US & Canada

Tuscaloosa tornado survivors pick through rubble

A resident of Tuscaloosa looking at the remains of her home
Image caption Tuscaloosa, which has a population of roughly 90,000, was ravaged by a massive tornado that cut straight through the heart of the city

The tornado that tore through Tuscaloosa on Wednesday was a capricious beast.

It flattened some neighbourhoods entirely but spared others, razed dozens of houses on a street while leaving a couple standing and, in some homes, destroyed every room save that in which a family took shelter.

As the city dug out from the wreckage on Friday, those fortunate enough to survive with their lives and their houses largely intact described a different kind of heartbreak from those forced to rebuild.

"It's almost a survivor's guilt," said Donny Selman, 33, who cowered under a mattress in a hallway with his pregnant wife while the tornado tossed trees into almost every house on the block but his.

"I feel blessed and grateful, but the loss of life was great.

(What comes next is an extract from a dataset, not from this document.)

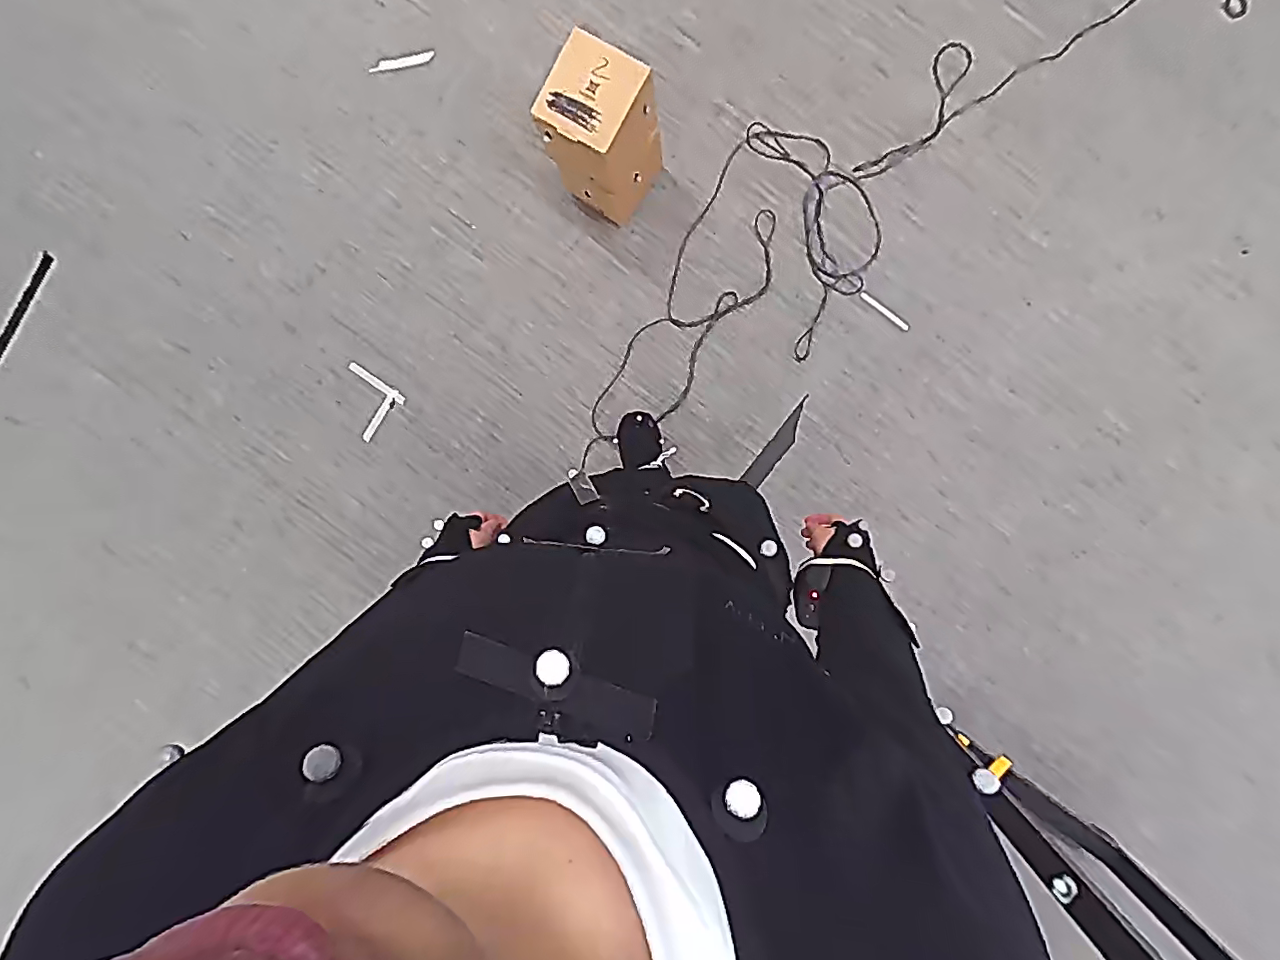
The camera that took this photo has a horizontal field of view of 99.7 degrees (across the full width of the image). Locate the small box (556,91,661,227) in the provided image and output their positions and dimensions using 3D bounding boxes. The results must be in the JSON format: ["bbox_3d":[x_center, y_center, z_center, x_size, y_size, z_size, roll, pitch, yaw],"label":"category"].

It's almost like, why us? Why were we spared?"

Unimaginable devastation

Chris Rhodes, a 22-year-old student at the University of Alabama, took shelter with three friends in his bathroom as the twister ravaged the neighbourhood.

Across the street, three fellow students were killed when a tree fell on their house.

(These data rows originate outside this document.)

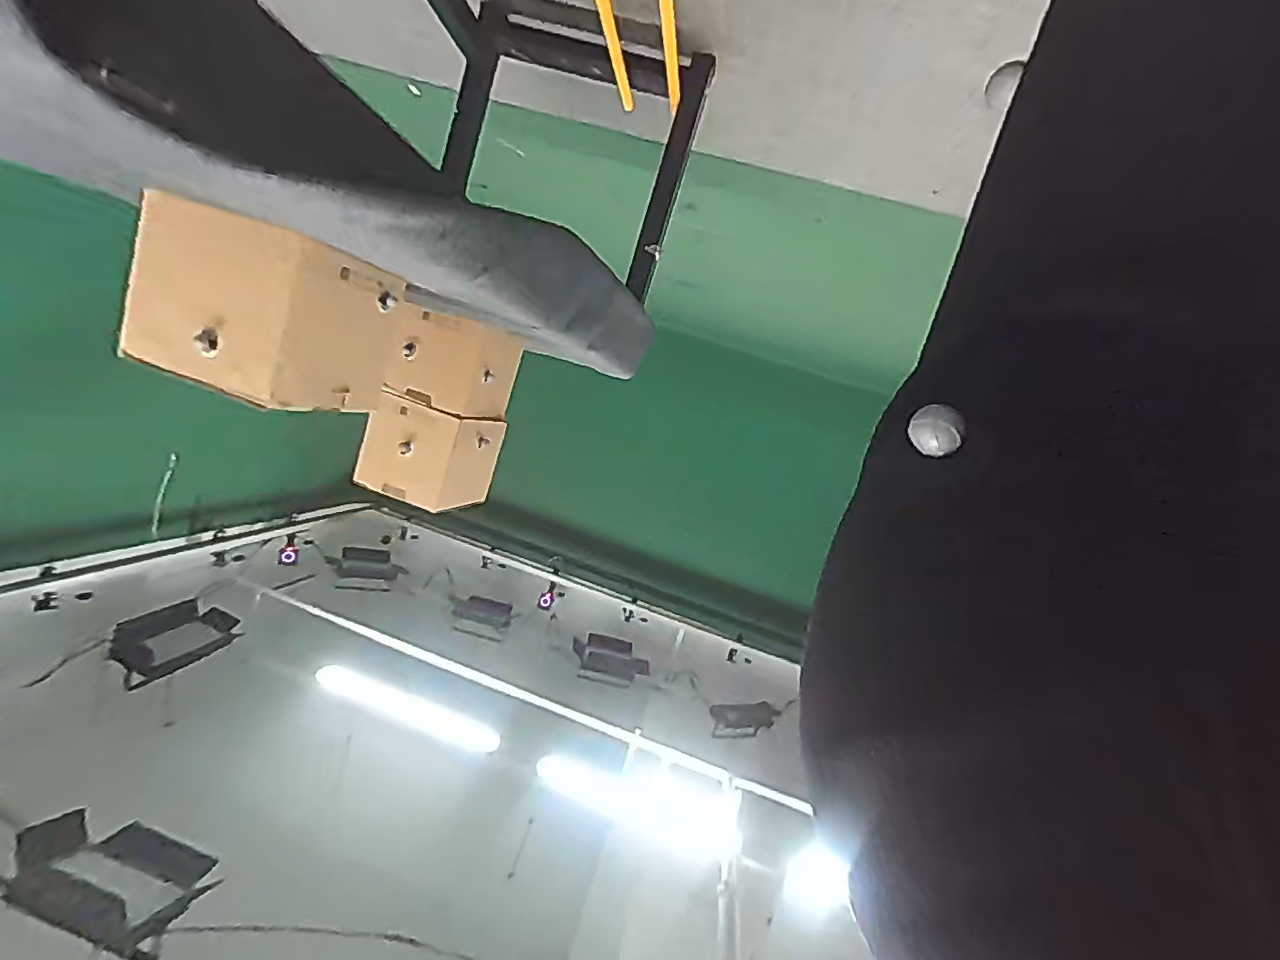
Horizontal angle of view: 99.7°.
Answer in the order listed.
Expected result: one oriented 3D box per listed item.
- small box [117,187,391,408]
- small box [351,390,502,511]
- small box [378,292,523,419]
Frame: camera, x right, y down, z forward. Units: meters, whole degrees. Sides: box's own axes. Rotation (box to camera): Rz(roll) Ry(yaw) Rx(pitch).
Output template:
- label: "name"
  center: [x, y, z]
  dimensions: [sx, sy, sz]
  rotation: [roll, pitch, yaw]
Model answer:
- label: "small box"
  center: [-0.396, -0.186, 0.583]
  dimensions: [0.179, 0.176, 0.168]
  rotation: [19, -173, 7]
- label: "small box"
  center: [-0.373, -0.057, 0.970]
  dimensions: [0.168, 0.176, 0.179]
  rotation: [20, -173, 9]
- label: "small box"
  center: [-0.327, -0.214, 0.950]
  dimensions: [0.168, 0.176, 0.179]
  rotation: [20, -172, 6]

"I still don't know what to think," he said, pausing as he and his father cleared downed trees from the street with a chainsaw.

"I still haven't slept too well. I've been playing through the circumstances, the 'what ifs'."

The twister cut through Tuscaloosa like a lawnmower with a mile-long blade, grinding the city beneath into a twisted pile of metal, roof shingles and timber.

It snapped tree branches and poured-concrete utility poles with ease, uprooted century-old trees, and turned over cars like matchbox toys.

The tornado tore down house walls, offering gawkers, emergency workers and news crews an embarrassingly intimate glimpse into people's once-private material lives - bedrooms and bathrooms revealed to the outside, a student's library of theology texts strewn about a car park, a collection of 12in (30cm) record albums saved for decades only to lie warping under the hot Alabama sun.

In a flattened block of apartments, rain-sodden smoke detectors howled as if warning of a danger that had already passed.

While survivors collected what belongings they could salvage and praised God for sparing them worse, the search and rescue effort continued unabated.

Finding the dead

Tuscaloosa is under virtual police rule. Movement in the disaster zone is strictly limited to prevent looting, although almost none has been reported, and to keep roads clear for emergency vehicles. The mayor imposed a curfew of 2000 local time (0100 GMT) for Friday night.

The city's death toll stood on Friday at 42 dead and more than 900 injured, with both numbers expected to rise.

"We are bringing in the cadaver dogs today," said Heather McCollum, assistant to the mayor of Tuscaloosa.

Almost two days after the storm, a woman with cerebral palsy was found left behind in the wreckage of a block of flats and carried out, in apparent health, by volunteers.

Image caption Emergency workers have begun using dogs to help find bodies in the rubble in Tuscaloosa

A group of teenagers from a church, who had been patrolling a storm-damaged neighbourhood offering food and water to survivors, heard dogs barking in an abandoned house. They freed half a dozen pit bulls, promising to turn the hungry but playful dogs over to an animal shelter.

Chris Nicholson, a 23-year-old engineer, hid with his fiance in the bathroom at the centre of their small flat.

The tornado roared overhead and sucked all the water from the toilet as the couple huddled together and prayed.

"I can't really describe it. It wasn't a shriek, just a constant rumble, like an aeroplane engine," Mr Nicholson said.

Their apartment was largely undamaged. But three people in the two-storey block of flats remained missing on Friday, and a twisted metal structure, which appeared to either be a crane or a light tower, had crushed their upstairs neighbours' flat.

"We were one of the luckiest," he said.

Brandee Marion, a 24-year-old graduate student in psychology, hunkered down in an unsealed concrete shelter in the back garden with her brother and Spiffy, a 12-year-old African grey parrot, as the tornado neared.

The nerve-wracked bird began making beeping noises - imitating the burglar alarm on their house, Ms Marion said.

As the tornado passed overhead, she and her brother had to hold the birdcage tight to keep Spiffy from being sucked away.

"It was a bit of humour," she said of the bird's distress cry. "Inappropriate humour, maybe."

The temperature topped 24C under bright, sunny skies on Friday, and Alabamans who were able offered aid and comfort to their neighbours the best way they knew how - through their churches, with barbecued meat.

"It's too bad it takes this to get people to come together," said Dan Williams, of Harvest Church, which fed 700 people on Thursday.

On Friday, residents said they were disoriented walking and driving through neighbourhoods in which they had lived for decades. The storm had flattened all the landmarks - the dentist's office, the auto parts store, the boy scout club house - leaving behind uniform piles of debris.

"It looks like the bombers have come through," said John Duckworth, 78.